The recent occurrence of vote buying within Arbitrum has sparked significant questions regarding the validity of the DAO governance model, placing holders at considerable risk.
Decentralized autonomous organizations were initially envisioned to enhance financial decentralization and autonomy. However, a situation that surfaced on April 8 raised alarming issues about this framework. Specifically, an individual spent 5 ETH to acquire approximately 19.3 million in Arbitrum (ARB) voting rights.

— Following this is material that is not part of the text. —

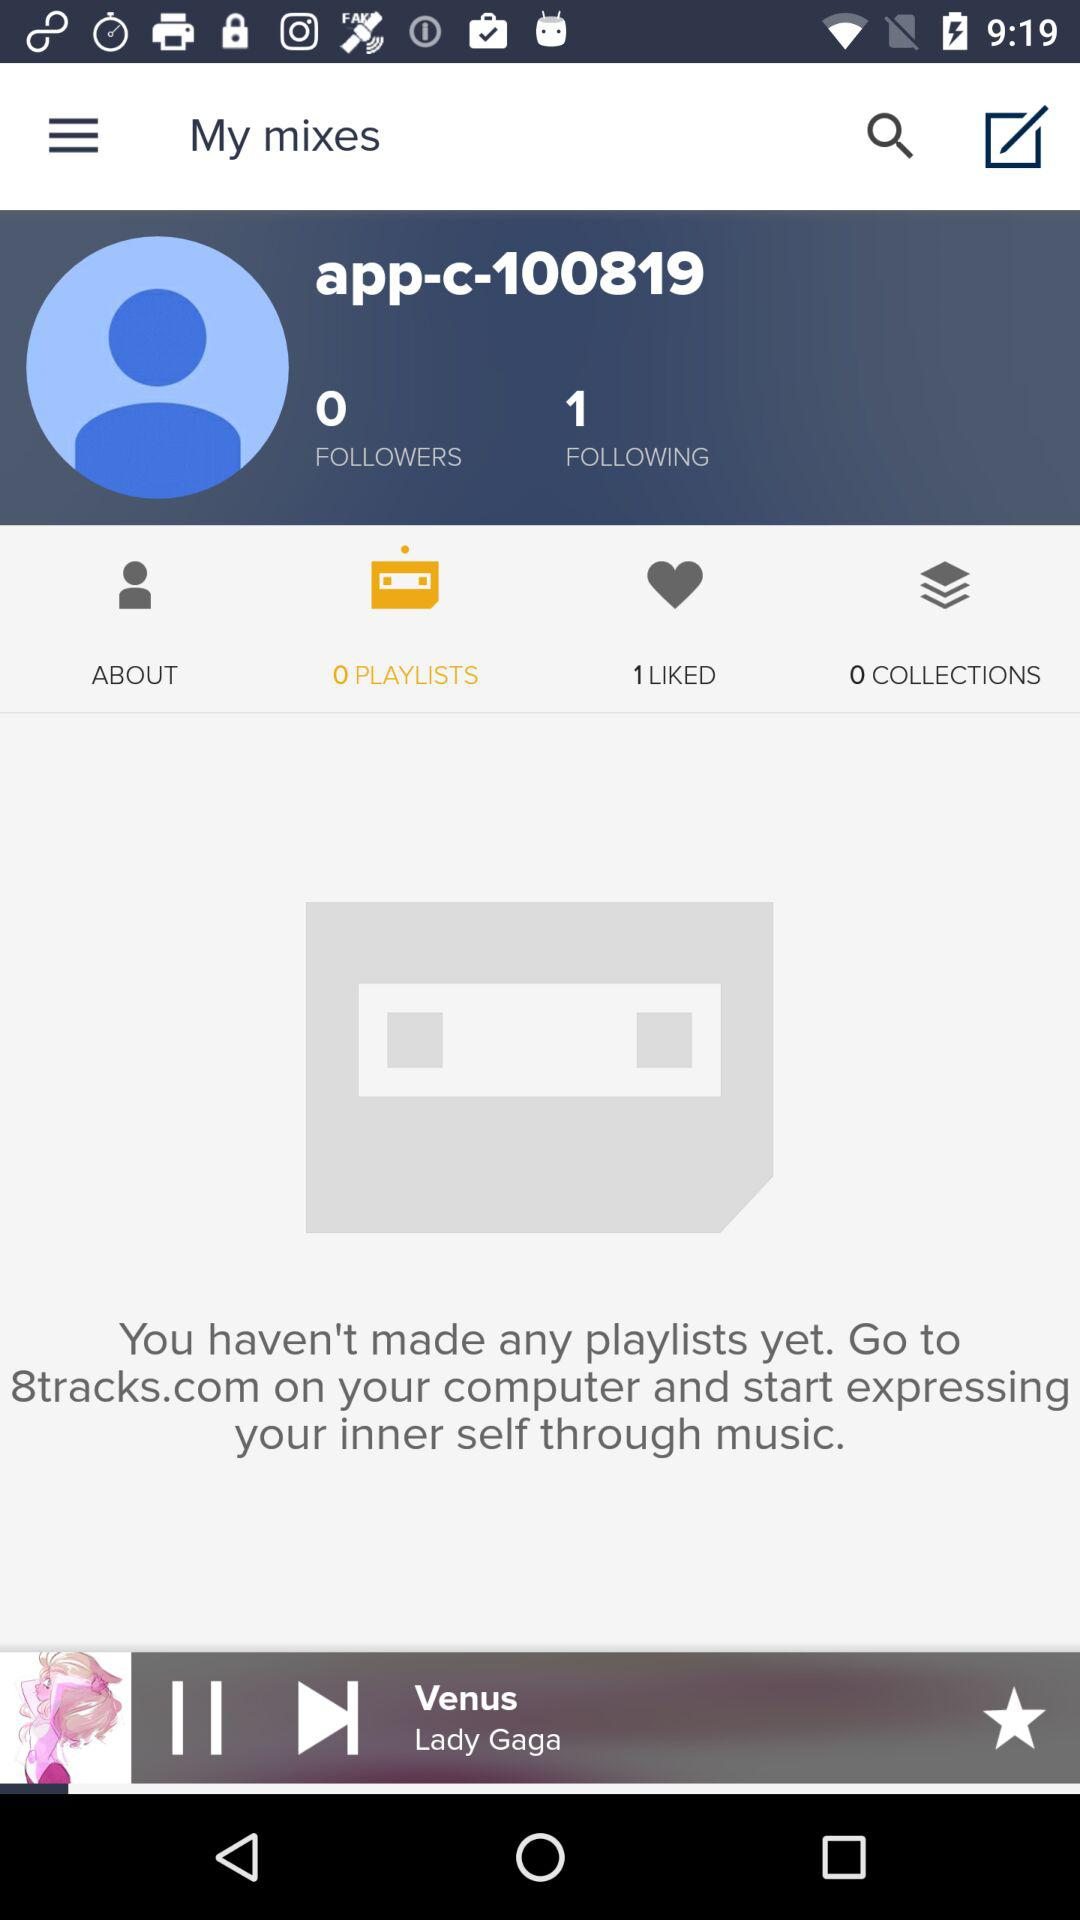How many people does the user follow? The user follows 1 person.

This represented an expenditure of around $10,000 to sway decisions related to roughly $6.5 million in governance authority, surpassing the voting strength of major delegators like L2Beat and Wintermute. The user, identified as hitmonlee.eth, took advantage of LobbyFi, a service that enables token holders to profit by leasing out their governance influence.
In this case, the acquired votes were directed toward endorsing CupOJoseph’s bid for a position on Arbitrum’s Oversight and Transparency Committee. The use of vote buying to affect the outcome of an election for a transparency committee raises substantial concerns about the credibility and safety of DAO governance.
As noted by Ignas from Pink Brains, the oversight role offers a compensation of approximately $7,500 per month for a year. This points to the possibility that vote buying is not merely driven by ideology but could also be financially motivated. More broadly, it illustrates that DAO governance frameworks, particularly those employing a one-token-one-vote system, might be vulnerable to exploitation.
Security Threats from DAO Vote Buying
In July 2024, Compound DAO narrowly approved a vote that allocated $24 million, equivalent to 5% of its treasury, to an external protocol. This protocol was managed by a prominent COMP holder who supported the proposal. The decision, which followed two previous failed attempts, was labeled a governance attack by some DAO members.
The risk associated with platforms like LobbyFi is that they greatly lower the financial barrier for governance attacks. Unscrupulous individuals can now sway critical DAO decisions without needing substantial funds. This empowers them to benefit at the expense of both the token holders and the DAO itself.